Risk-Adjusted Performance

18 of 100

 
Weak
 
Strong
Solid
Compared to the overall equity markets, risk-adjusted returns on investments in Cisco Systems are ranked lower than 18 (%) of all global equities and portfolios over the last 90 days. In spite of very weak fundamental indicators, Cisco Systems displayed solid returns over the last few months and may actually be approaching a breakup point.

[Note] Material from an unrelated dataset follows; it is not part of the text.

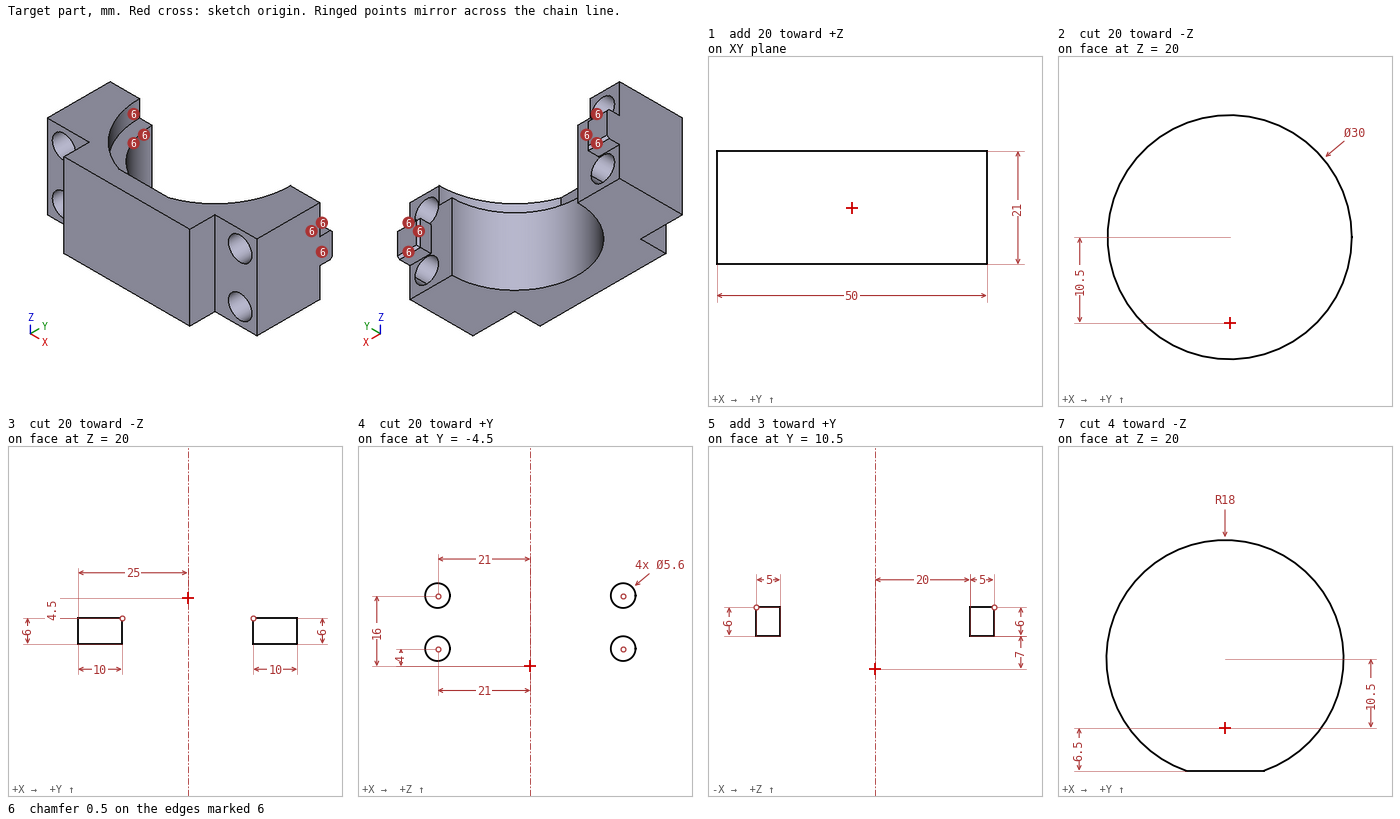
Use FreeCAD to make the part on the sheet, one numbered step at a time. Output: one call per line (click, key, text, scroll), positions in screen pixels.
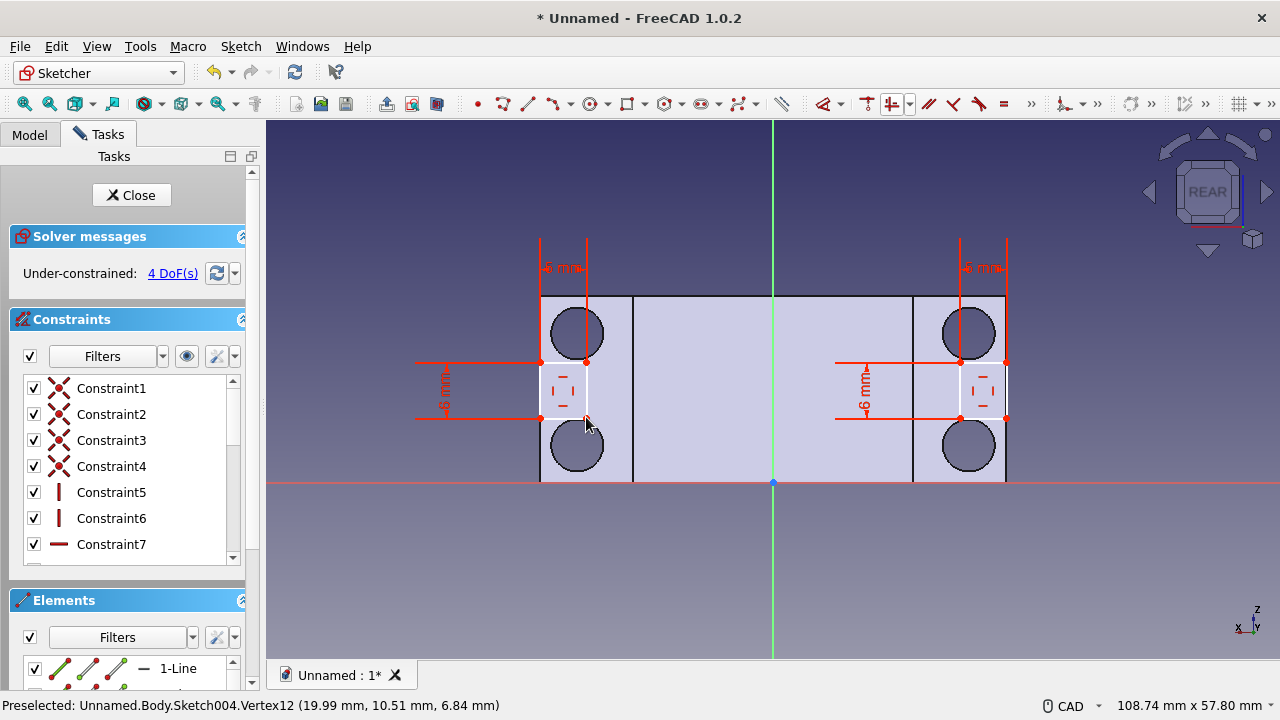
click(1007, 363)

Aberdeen Income and Cisco Systems Volatility Contrast

   Predicted Return Density   
       Returns  

Pair Trading with Aberdeen Income and Cisco Systems

The main advantage of trading using opposite Aberdeen Income and Cisco Systems positions is that it hedges away some unsystematic risk. Because of two separate transactions, even if Aberdeen Income position performs unexpectedly, Cisco Systems can make up some of the losses. Pair trading also minimizes risk from directional movements in the market. For example, if an entire industry or sector drops because of unexpected headlines, the short position in Cisco Systems will offset losses from the drop in Cisco Systems' long position.
The idea behind Aberdeen Income Credit and Cisco Systems pairs trading is to make the combined position market-neutral, meaning the overall market's direction will not affect its win or loss (or potential downside or upside). This can be achieved by designing a pairs trade with two highly correlated stocks or equities that operate in a similar space or sector, making it possible to obtain profits through simple and relatively low-risk investment.
Check out your portfolio center.
Note that this page's information should be used as a complementary analysis to find the right mix of equity instruments to add to your existing portfolios or create a brand new portfolio. You can also try the Aroon Oscillator module to analyze current equity momentum using Aroon Oscillator and other momentum ratios.